However, today, one particularly hurried figure strode out of the castle gates. His billowing black cloak was lifted by the wind, revealing a finely tailored, form-fitting black suit beneath. Every student who crossed paths with this man quickly stepped aside. For over a month now, Snape's mood had been noticeably foul, and the students who had been penalized to the point of numbness once again found themselves in tearful nostalgia for the old days—those days of trembling under Snape's oppressive authority, keeping their heads down and behaving themselves.
Some speculated that Snape was suffering from some sort of "midlife crisis-induced egg-jam cancer," a bizarre condition where his once-monthly moody "egg-changing" phase had morphed into a once-a-month event that lasted an entire month.
Little did they know, it had nothing to do with any "egg-jam cancer." It all started one day when Dumbledore, drunk out of his wits by Grindelwald, accidentally let it slip upon returning to Hogwarts that Harry would be transferring to Durmstrang next year and wouldn't be staying at Hogwarts. The mere thought that his godson, whom he had waited ten long years to mentor, was about to be taken away before he could even properly raise him, sent Snape into such a rage that his lips broke out in blisters. He nearly shaved off Dumbledore's beard in his fury.
If not for Fawkes' sharp reflexes and a quick burst of phoenix fire teleportation that tossed Snape into the dungeons to cool off, things might have gotten out of hand. Even so, after being force-fed half a bottle of Sobering Potion by Snape, Dumbledore ended up vomiting into a sink for an entire hour and was absent from dinner for several days afterward.
Now that Harry was returning to school, Snape, of course, made sure he was the first one out the door to greet him.
Harry was arriving on a special Hogwarts Express train dispatched just for him. This wasn't some privileged perk for the elite—Hogwarts Express, with its turtle-like speed inferior even to Muggle maglev trains, wasn't something Harry thought highly of. But under the current circumstances, he had no choice but to use it.
In fact, more than a week ago, Harry had already completed his "transformation." The operation had been a success, and Harry remained very much a man… cough cough, a strong one at that. But the strength was deceptive—he was so physically weak he needed help just to walk.
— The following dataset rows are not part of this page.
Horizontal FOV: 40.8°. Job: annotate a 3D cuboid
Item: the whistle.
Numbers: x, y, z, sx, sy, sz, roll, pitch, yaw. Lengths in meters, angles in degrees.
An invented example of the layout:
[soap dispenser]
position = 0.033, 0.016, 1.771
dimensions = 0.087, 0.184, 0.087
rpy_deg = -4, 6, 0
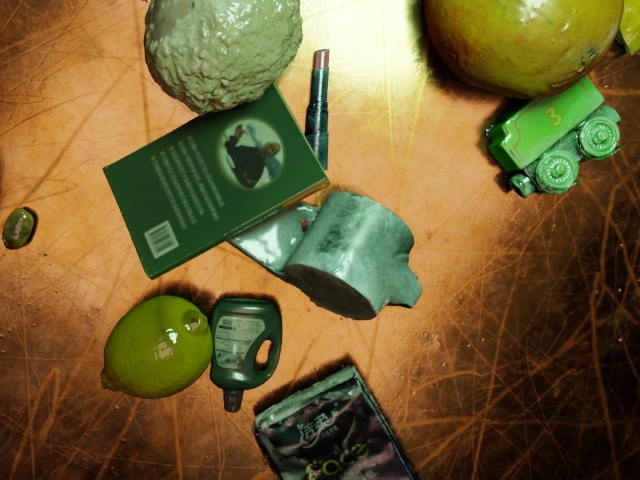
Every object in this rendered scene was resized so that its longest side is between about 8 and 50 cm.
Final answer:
[whistle]
position = -0.006, 0.010, 1.607
dimensions = 0.405, 0.188, 0.168
rpy_deg = 18, 65, 28

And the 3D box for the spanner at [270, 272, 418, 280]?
[spanner]
position = 0.037, 0.053, 1.695
dimensions = 0.326, 0.026, 0.093
rpy_deg = 12, 93, -6

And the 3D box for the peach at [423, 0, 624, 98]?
[peach]
position = 0.358, -0.439, 1.522
dimensions = 0.373, 0.290, 0.372
rpy_deg = -7, 77, 34

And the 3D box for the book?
[book]
position = -0.198, -0.119, 1.594
dimensions = 0.371, 0.043, 0.260
rpy_deg = -28, 66, 2

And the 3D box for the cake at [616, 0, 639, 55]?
[cake]
position = 0.562, -0.441, 1.656
dimensions = 0.185, 0.079, 0.116
rpy_deg = 22, 107, -15

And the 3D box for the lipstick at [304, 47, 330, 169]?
[lipstick]
position = -0.001, -0.252, 1.650
dimensions = 0.053, 0.053, 0.234
rpy_deg = 6, 93, -4

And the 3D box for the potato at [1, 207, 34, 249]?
[potato]
position = -0.579, -0.021, 1.644
dimensions = 0.051, 0.040, 0.083
rpy_deg = 20, 96, -10

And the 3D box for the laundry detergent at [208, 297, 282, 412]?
[laundry detergent]
position = -0.148, 0.227, 1.679
dimensions = 0.144, 0.078, 0.221
rpy_deg = 3, 96, -7

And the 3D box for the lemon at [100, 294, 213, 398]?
[lemon]
position = -0.307, 0.205, 1.617
dimensions = 0.248, 0.184, 0.184
rpy_deg = -32, 97, 15

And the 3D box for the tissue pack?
[tissue pack]
position = 0.039, 0.440, 1.691
dimensions = 0.245, 0.123, 0.332
rpy_deg = -29, 97, -2

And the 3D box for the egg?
[egg]
position = -0.171, -0.377, 1.521
dimensions = 0.279, 0.279, 0.310
rpy_deg = 37, 92, -6

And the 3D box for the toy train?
[toy train]
position = 0.443, -0.200, 1.641
dimensions = 0.243, 0.132, 0.188
rpy_deg = -40, 92, -1

Don't be fooled by the illusion that he could crush sound barriers with his bare hands—Awakeners weren't that easy to become, especially not for someone who switched paths midway. It wasn't as glorious as one might imagine.
That whole idea that "one surgery turns a skinny guy into a muscle-bound Captain America" didn't apply here. The newly reconstructed body was indeed transformed, but the unfamiliarity of the new physique was its own torment. Forget walking—Harry had to relearn how to breathe. Unlike natural Awakeners who evolved over time, Harry's evolution was an unnatural shortcut. By fully absorbing the magical power and fractured spiritual core his mother left behind, Harry's raw potential on paper now surpassed even Li Jiannan, who possessed a quarter of an Awakener's power. Though Lily's bequeathed power wasn't immense in quantity, every bit of it was pure essence.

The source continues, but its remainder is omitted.